_Exercise brief_
A complete, unaltered copy of the listing is needed. Write it out.

_Supplied data_
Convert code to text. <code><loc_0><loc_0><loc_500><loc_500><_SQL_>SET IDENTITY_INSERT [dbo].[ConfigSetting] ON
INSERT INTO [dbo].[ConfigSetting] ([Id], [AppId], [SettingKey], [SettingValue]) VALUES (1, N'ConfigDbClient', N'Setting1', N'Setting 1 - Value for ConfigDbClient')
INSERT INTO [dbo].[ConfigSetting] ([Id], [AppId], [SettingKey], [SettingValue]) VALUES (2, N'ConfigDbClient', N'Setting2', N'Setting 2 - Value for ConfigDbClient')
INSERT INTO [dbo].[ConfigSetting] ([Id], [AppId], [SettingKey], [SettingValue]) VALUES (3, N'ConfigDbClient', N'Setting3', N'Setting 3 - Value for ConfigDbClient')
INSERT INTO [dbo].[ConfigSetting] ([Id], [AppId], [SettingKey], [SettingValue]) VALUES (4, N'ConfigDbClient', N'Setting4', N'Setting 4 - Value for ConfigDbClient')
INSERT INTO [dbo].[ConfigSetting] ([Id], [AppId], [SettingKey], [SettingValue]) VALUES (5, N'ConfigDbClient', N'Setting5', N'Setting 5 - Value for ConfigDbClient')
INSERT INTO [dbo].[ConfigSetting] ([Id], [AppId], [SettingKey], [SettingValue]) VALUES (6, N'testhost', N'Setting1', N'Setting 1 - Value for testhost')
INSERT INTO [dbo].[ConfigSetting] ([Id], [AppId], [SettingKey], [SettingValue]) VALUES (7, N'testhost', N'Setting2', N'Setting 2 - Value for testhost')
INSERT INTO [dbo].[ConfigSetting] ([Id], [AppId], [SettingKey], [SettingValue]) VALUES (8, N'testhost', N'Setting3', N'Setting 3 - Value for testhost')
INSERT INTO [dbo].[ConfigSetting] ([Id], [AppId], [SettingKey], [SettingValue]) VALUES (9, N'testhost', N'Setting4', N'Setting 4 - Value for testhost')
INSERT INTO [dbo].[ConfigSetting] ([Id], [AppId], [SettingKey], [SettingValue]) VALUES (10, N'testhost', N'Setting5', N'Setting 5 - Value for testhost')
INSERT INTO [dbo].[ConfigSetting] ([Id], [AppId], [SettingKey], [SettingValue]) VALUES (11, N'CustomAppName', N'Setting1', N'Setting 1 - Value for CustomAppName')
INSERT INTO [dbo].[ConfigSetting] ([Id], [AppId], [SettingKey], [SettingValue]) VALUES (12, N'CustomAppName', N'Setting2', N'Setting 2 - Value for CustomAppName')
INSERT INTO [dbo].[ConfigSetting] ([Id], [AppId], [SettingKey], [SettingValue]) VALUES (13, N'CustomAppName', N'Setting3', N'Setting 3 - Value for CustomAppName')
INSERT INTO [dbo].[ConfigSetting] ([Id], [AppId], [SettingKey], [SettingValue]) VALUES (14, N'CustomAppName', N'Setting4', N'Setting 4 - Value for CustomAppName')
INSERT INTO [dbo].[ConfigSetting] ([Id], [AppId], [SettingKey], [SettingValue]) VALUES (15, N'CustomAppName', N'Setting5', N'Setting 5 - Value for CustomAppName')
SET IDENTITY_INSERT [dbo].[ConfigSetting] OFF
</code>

_Written answer_
Convert code to text. <code><loc_0><loc_0><loc_500><loc_500><_SQL_>SET IDENTITY_INSERT [dbo].[ConfigSetting] ON
INSERT INTO [dbo].[ConfigSetting] ([Id], [AppId], [SettingKey], [SettingValue]) VALUES (1, N'ConfigDbClient', N'Setting1', N'Setting 1 - Value for ConfigDbClient')
INSERT INTO [dbo].[ConfigSetting] ([Id], [AppId], [SettingKey], [SettingValue]) VALUES (2, N'ConfigDbClient', N'Setting2', N'Setting 2 - Value for ConfigDbClient')
INSERT INTO [dbo].[ConfigSetting] ([Id], [AppId], [SettingKey], [SettingValue]) VALUES (3, N'ConfigDbClient', N'Setting3', N'Setting 3 - Value for ConfigDbClient')
INSERT INTO [dbo].[ConfigSetting] ([Id], [AppId], [SettingKey], [SettingValue]) VALUES (4, N'ConfigDbClient', N'Setting4', N'Setting 4 - Value for ConfigDbClient')
INSERT INTO [dbo].[ConfigSetting] ([Id], [AppId], [SettingKey], [SettingValue]) VALUES (5, N'ConfigDbClient', N'Setting5', N'Setting 5 - Value for ConfigDbClient')
INSERT INTO [dbo].[ConfigSetting] ([Id], [AppId], [SettingKey], [SettingValue]) VALUES (6, N'testhost', N'Setting1', N'Setting 1 - Value for testhost')
INSERT INTO [dbo].[ConfigSetting] ([Id], [AppId], [SettingKey], [SettingValue]) VALUES (7, N'testhost', N'Setting2', N'Setting 2 - Value for testhost')
INSERT INTO [dbo].[ConfigSetting] ([Id], [AppId], [SettingKey], [SettingValue]) VALUES (8, N'testhost', N'Setting3', N'Setting 3 - Value for testhost')
INSERT INTO [dbo].[ConfigSetting] ([Id], [AppId], [SettingKey], [SettingValue]) VALUES (9, N'testhost', N'Setting4', N'Setting 4 - Value for testhost')
INSERT INTO [dbo].[ConfigSetting] ([Id], [AppId], [SettingKey], [SettingValue]) VALUES (10, N'testhost', N'Setting5', N'Setting 5 - Value for testhost')
INSERT INTO [dbo].[ConfigSetting] ([Id], [AppId], [SettingKey], [SettingValue]) VALUES (11, N'CustomAppName', N'Setting1', N'Setting 1 - Value for CustomAppName')
INSERT INTO [dbo].[ConfigSetting] ([Id], [AppId], [SettingKey], [SettingValue]) VALUES (12, N'CustomAppName', N'Setting2', N'Setting 2 - Value for CustomAppName')
INSERT INTO [dbo].[ConfigSetting] ([Id], [AppId], [SettingKey], [SettingValue]) VALUES (13, N'CustomAppName', N'Setting3', N'Setting 3 - Value for CustomAppName')
INSERT INTO [dbo].[ConfigSetting] ([Id], [AppId], [SettingKey], [SettingValue]) VALUES (14, N'CustomAppName', N'Setting4', N'Setting 4 - Value for CustomAppName')
INSERT INTO [dbo].[ConfigSetting] ([Id], [AppId], [SettingKey], [SettingValue]) VALUES (15, N'CustomAppName', N'Setting5', N'Setting 5 - Value for CustomAppName')
SET IDENTITY_INSERT [dbo].[ConfigSetting] OFF
</code>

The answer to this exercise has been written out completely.